____ DATA TO EXAMINE
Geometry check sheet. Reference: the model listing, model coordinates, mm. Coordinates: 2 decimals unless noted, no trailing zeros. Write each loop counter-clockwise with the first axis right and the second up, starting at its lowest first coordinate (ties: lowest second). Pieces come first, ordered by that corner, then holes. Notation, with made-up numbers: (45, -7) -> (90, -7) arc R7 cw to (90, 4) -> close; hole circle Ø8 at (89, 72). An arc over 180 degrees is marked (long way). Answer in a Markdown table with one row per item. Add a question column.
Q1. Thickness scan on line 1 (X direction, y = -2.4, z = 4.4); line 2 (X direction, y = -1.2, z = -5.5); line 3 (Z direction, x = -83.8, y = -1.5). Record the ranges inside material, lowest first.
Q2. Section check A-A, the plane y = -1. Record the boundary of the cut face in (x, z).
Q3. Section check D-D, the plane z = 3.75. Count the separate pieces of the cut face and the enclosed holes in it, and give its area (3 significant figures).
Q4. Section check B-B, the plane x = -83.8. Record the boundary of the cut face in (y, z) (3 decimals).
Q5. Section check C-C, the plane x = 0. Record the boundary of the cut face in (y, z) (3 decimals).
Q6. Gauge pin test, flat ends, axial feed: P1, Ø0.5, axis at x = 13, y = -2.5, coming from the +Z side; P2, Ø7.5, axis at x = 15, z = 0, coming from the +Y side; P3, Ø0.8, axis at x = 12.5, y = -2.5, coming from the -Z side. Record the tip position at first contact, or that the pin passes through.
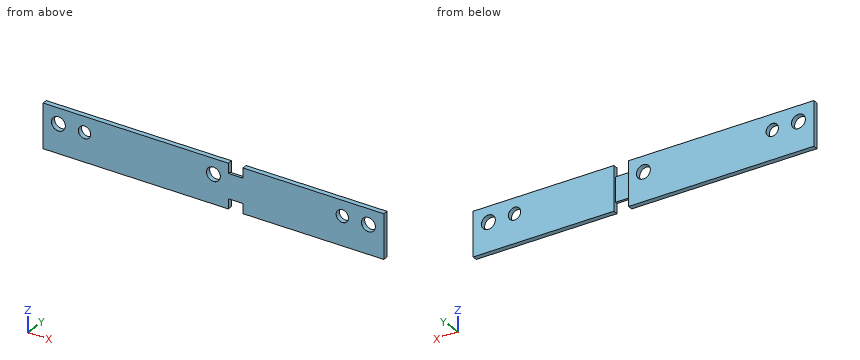
```python
from build123d import *

# Parameters (mm, degrees)
SKETCH1_W                      = 221.6
SKETCH1_H                      = 28.8
BOSS_EXTRUDE1_DEPTH            = 3.2
CUT_EXTRUDE1_REACH             = 113.778
SKETCH2_W                      = 9.5
SKETCH2_H                      = 6.4
CUT_EXTRUDE2_REACH             = 115.087
SKETCH3_W                      = 9.5
SKETCH3_H                      = 1.6
M8_CLEARANCE_HOLE1_AT_2_COUNT  = 2
M8_CLEARANCE_HOLE1_AT_2_PITCH  = 201.6
M8_CLEARANCE_HOLE1_AT_3_COUNT  = 2
M8_CLEARANCE_HOLE1_AT_3_PITCH  = 100.8
F_8_0MM_DOWEL_HOLE1_AT_2_COUNT = 2
F_8_0MM_DOWEL_HOLE1_AT_2_PITCH = 167.6


with BuildPart() as part:
    # Sketch1 → Boss-Extrude1 (new body)
    with BuildSketch(Plane(origin=(0, 0, 0), x_dir=(1, 0, 0), z_dir=(0, 1, 0))):
        Rectangle(SKETCH1_W, SKETCH1_H)
    extrude(amount=-BOSS_EXTRUDE1_DEPTH)

    # Sketch2 → Cut-Extrude1 (cut, up to next)
    with BuildSketch(Plane(origin=(0, 0, 0), x_dir=(1, 0, 0), z_dir=(0, 1, 0)), mode=Mode.PRIVATE) as cut_extrude1_sk1:
        with Locations((14.45, 11.2)):
            Rectangle(SKETCH2_W, SKETCH2_H)
    cut_extrude1_tool1 = extrude(cut_extrude1_sk1.sketch, amount=-CUT_EXTRUDE1_REACH, mode=Mode.PRIVATE) & part.part
    # Sketch2 → Cut-Extrude1 (cut, up to next)
    with BuildSketch(Plane(origin=(0, 0, 0), x_dir=(1, 0, 0), z_dir=(0, 1, 0)), mode=Mode.PRIVATE) as cut_extrude1_sk2:
        with Locations((14.45, -11.2)):
            Rectangle(SKETCH2_W, SKETCH2_H)
    cut_extrude1_tool2 = extrude(cut_extrude1_sk2.sketch, amount=-CUT_EXTRUDE1_REACH, mode=Mode.PRIVATE) & part.part
    add(cut_extrude1_tool1.solids().sort_by_distance((14.45, 0, -11.2))[0], mode=Mode.SUBTRACT)
    add(cut_extrude1_tool2.solids().sort_by_distance((14.45, 0, 11.2))[0], mode=Mode.SUBTRACT)

    # Sketch3 → Cut-Extrude2 (cut, up to next)
    with BuildSketch(Plane.XY.offset(8), mode=Mode.PRIVATE) as cut_extrude2_sk1:
        with Locations((14.45, -0.8)):
            Rectangle(SKETCH3_W, SKETCH3_H)
    cut_extrude2_tool1 = extrude(cut_extrude2_sk1.sketch, amount=-CUT_EXTRUDE2_REACH, mode=Mode.PRIVATE) & part.part
    add(cut_extrude2_tool1.solids().sort_by_distance((14.45, -0.8, 8))[0], mode=Mode.SUBTRACT)

    # Sketch5 → M8 Clearance Hole1 (revolve, cut)
    with BuildSketch(Plane(origin=(-100.8, 0, 4.4), x_dir=(0, 0, 1), z_dir=(1, 0, 0))):
        Polygon((0, 0), (0, 3.2), (4.525, 3.2), (4.5, 3.175), (4.5, 0.025), (4.525, 0), align=None)
    m8_clearance_hole1 = revolve(axis=Axis((-100.8, 6.35, 4.4), (0, -1, 0)), mode=Mode.SUBTRACT)

    # M8 Clearance Hole1 at 2: M8 Clearance Hole1 ×2
    with Locations(*[(i * M8_CLEARANCE_HOLE1_AT_2_PITCH, 0, 0) for i in range(1, M8_CLEARANCE_HOLE1_AT_2_COUNT)]):
        add(m8_clearance_hole1, mode=Mode.SUBTRACT)

    # M8 Clearance Hole1 at 3: M8 Clearance Hole1 ×2
    with Locations(*[(i * M8_CLEARANCE_HOLE1_AT_3_PITCH, 0, 0) for i in range(1, M8_CLEARANCE_HOLE1_AT_3_COUNT)]):
        add(m8_clearance_hole1, mode=Mode.SUBTRACT)

    # Sketch7 → Ø8.0mm Dowel Hole1 (revolve, cut)
    with BuildSketch(Plane(origin=(83.8, 0, 4.4), x_dir=(0, 0, 1), z_dir=(1, 0, 0))):
        Polygon((0, 0), (0, 3.2), (4.025, 3.2), (4, 3.175), (4, 0.025), (4.025, 0), align=None)
    f_8_0mm_dowel_hole1 = revolve(axis=Axis((83.8, 6.35, 4.4), (0, -1, 0)), mode=Mode.SUBTRACT)

    # Ø8.0mm Dowel Hole1 at 2: Ø8.0mm Dowel Hole1 ×2
    with Locations(*[(-i * F_8_0MM_DOWEL_HOLE1_AT_2_PITCH, 0, 0) for i in range(1, F_8_0MM_DOWEL_HOLE1_AT_2_COUNT)]):
        add(f_8_0mm_dowel_hole1, mode=Mode.SUBTRACT)


solid = part.part
```
Calculated:
| question | item | result |
|---|---|---|
| 1 | line 1 | x = -110.8 to -105.3, -96.3 to -87.8, -79.8 to -4.5, 4.5 to 79.8, 87.8 to 96.3, 105.3 to 110.8 |
| 1 | line 2 | x = -110.8 to 9.7, 19.2 to 110.8 |
| 1 | line 3 | z = -14.4 to 0.4, 8.4 to 14.4 |
| 2 | outline | (-110.8, -14.4) -> (9.7, -14.4) -> (9.7, 14.4) -> (-110.8, 14.4) -> close; (19.2, -14.4) -> (110.8, -14.4) -> (110.8, 14.4) -> (19.2, 14.4) -> close; hole circle Ø9 at (-100.8, 4.4); hole circle Ø8 at (-83.8, 4.4); hole circle Ø9 at (0, 4.4); hole circle Ø8 at (83.8, 4.4); hole circle Ø9 at (100.8, 4.4) |
| 3 | separate pieces | 6 |
| 3 | enclosed holes | 0 |
| 3 | area | 558 mm² |
| 4 | outline | (-3.2, -14.4) -> (0, -14.4) -> (0, 0.375) -> (-0.025, 0.4) -> (-3.175, 0.4) -> (-3.2, 0.375) -> close; (-3.2, 8.425) -> (-3.175, 8.4) -> (-0.025, 8.4) -> (0, 8.425) -> (0, 14.4) -> (-3.2, 14.4) -> close |
| 5 | outline | (-3.2, -14.4) -> (0, -14.4) -> (0, -0.125) -> (-0.025, -0.1) -> (-3.175, -0.1) -> (-3.2, -0.125) -> close; (-3.2, 8.925) -> (-3.175, 8.9) -> (-0.025, 8.9) -> (0, 8.925) -> (0, 14.4) -> (-3.2, 14.4) -> close |
| 6 | P1 | stops at z = 8 |
| 6 | P2 | stops at y = -1.6 |
| 6 | P3 | stops at z = -8 |
________
What lines above mention "origin"? Copy each one.

OUTPUT BELOW:
    with BuildSketch(Plane(origin=(0, 0, 0), x_dir=(1, 0, 0), z_dir=(0, 1, 0))):
    with BuildSketch(Plane(origin=(0, 0, 0), x_dir=(1, 0, 0), z_dir=(0, 1, 0)), mode=Mode.PRIVATE) as cut_extrude1_sk1:
    with BuildSketch(Plane(origin=(0, 0, 0), x_dir=(1, 0, 0), z_dir=(0, 1, 0)), mode=Mode.PRIVATE) as cut_extrude1_sk2:
    with BuildSketch(Plane(origin=(-100.8, 0, 4.4), x_dir=(0, 0, 1), z_dir=(1, 0, 0))):
    with BuildSketch(Plane(origin=(83.8, 0, 4.4), x_dir=(0, 0, 1), z_dir=(1, 0, 0))):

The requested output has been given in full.